__WORK INSTRUCTION__: What you write must match, character for character, the lines from the one with "Can you solve" down to the one with "Answer: Bachelor of" in the listing below, minus its pictures.

*** RECORDED INFORMATION Section Begins ***

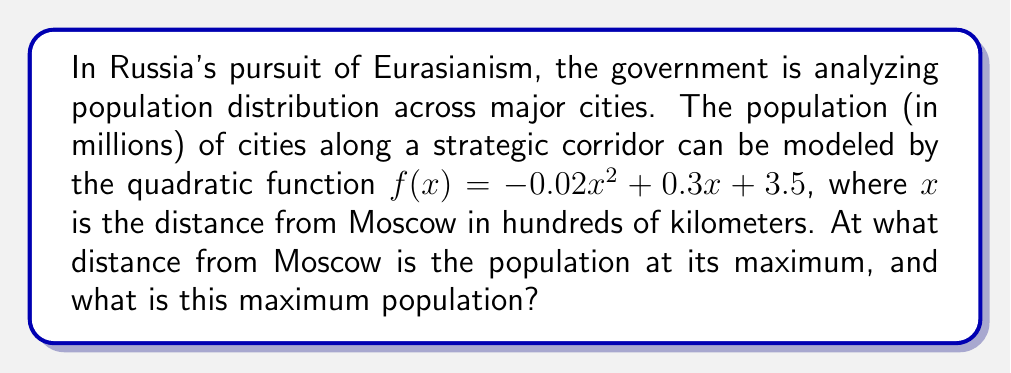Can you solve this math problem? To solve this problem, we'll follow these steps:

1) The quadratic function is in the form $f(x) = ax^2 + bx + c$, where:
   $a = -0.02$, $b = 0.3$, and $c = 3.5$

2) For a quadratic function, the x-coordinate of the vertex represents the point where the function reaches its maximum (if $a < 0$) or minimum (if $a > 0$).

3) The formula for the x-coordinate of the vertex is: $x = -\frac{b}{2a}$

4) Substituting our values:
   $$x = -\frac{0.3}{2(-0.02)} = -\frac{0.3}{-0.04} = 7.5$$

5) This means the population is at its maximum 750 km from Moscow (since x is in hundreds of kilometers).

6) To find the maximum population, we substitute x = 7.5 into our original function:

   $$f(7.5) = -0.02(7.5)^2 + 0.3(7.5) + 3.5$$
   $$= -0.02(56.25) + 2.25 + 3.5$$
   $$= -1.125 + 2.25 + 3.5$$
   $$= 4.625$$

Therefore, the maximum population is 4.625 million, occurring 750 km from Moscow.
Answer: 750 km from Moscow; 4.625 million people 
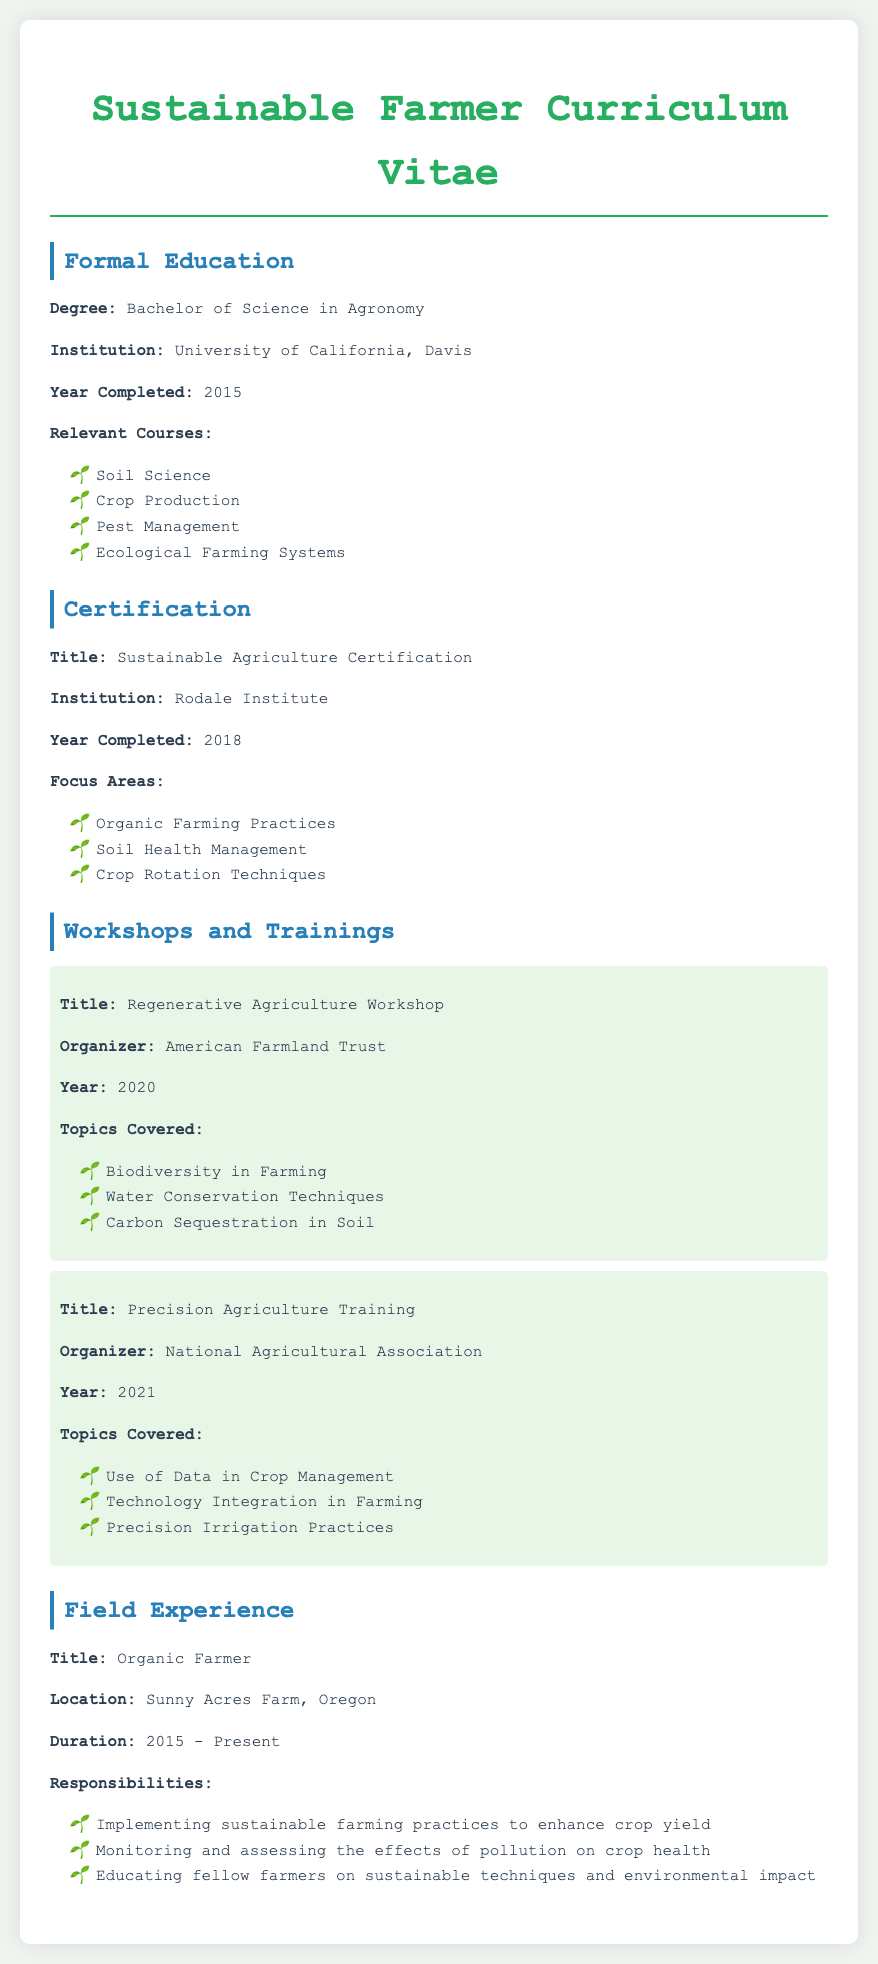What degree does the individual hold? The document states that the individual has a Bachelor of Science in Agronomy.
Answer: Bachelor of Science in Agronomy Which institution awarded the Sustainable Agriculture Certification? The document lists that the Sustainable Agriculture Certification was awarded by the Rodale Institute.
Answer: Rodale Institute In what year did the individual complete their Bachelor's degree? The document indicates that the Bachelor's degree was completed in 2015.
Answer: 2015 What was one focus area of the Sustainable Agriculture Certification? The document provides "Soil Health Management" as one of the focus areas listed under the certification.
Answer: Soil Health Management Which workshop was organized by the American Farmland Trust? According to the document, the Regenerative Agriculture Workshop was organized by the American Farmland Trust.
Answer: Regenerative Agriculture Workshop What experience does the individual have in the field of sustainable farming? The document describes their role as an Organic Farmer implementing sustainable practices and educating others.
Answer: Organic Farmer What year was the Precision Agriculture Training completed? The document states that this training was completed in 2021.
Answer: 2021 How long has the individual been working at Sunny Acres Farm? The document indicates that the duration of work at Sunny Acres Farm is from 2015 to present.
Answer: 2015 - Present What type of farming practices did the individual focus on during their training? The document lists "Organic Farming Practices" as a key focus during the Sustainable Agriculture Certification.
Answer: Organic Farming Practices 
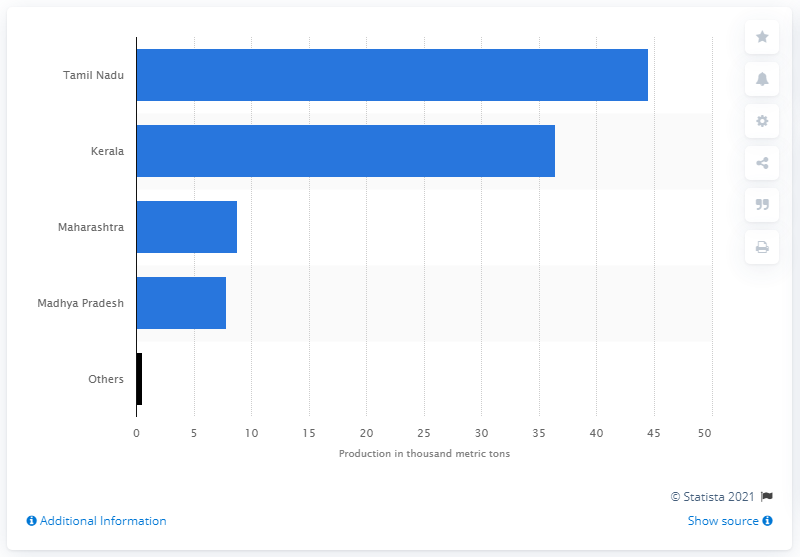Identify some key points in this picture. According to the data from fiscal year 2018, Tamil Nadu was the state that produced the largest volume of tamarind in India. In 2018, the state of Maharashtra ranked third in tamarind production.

*** RECORDED INFORMATION Section Ends ***
*** RECORDED INFORMATION Section Begins ***

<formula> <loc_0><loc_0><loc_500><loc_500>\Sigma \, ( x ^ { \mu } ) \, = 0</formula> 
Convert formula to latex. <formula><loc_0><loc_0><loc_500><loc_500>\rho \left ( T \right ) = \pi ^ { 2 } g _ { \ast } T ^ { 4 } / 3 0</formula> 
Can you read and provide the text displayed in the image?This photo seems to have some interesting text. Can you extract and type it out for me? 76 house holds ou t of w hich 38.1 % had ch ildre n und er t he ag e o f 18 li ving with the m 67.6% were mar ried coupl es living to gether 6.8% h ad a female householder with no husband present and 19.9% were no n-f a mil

*** RECORDED INFORMATION Section Ends ***

__TASK RESULT__:
Can you solve this math problem? To solve this problem, we'll follow these steps:

1) The quadratic function is in the form $f(x) = ax^2 + bx + c$, where:
   $a = -0.02$, $b = 0.3$, and $c = 3.5$

2) For a quadratic function, the x-coordinate of the vertex represents the point where the function reaches its maximum (if $a < 0$) or minimum (if $a > 0$).

3) The formula for the x-coordinate of the vertex is: $x = -\frac{b}{2a}$

4) Substituting our values:
   $$x = -\frac{0.3}{2(-0.02)} = -\frac{0.3}{-0.04} = 7.5$$

5) This means the population is at its maximum 750 km from Moscow (since x is in hundreds of kilometers).

6) To find the maximum population, we substitute x = 7.5 into our original function:

   $$f(7.5) = -0.02(7.5)^2 + 0.3(7.5) + 3.5$$
   $$= -0.02(56.25) + 2.25 + 3.5$$
   $$= -1.125 + 2.25 + 3.5$$
   $$= 4.625$$

Therefore, the maximum population is 4.625 million, occurring 750 km from Moscow.
Answer: 750 km from Moscow; 4.625 million people 
What degree does the individual hold? The document states that the individual has a Bachelor of Science in Agronomy.
Answer: Bachelor of Science in Agronomy Which institution awarded the Sustainable Agriculture Certification? The document lists that the Sustainable Agriculture Certification was awarded by the Rodale Institute.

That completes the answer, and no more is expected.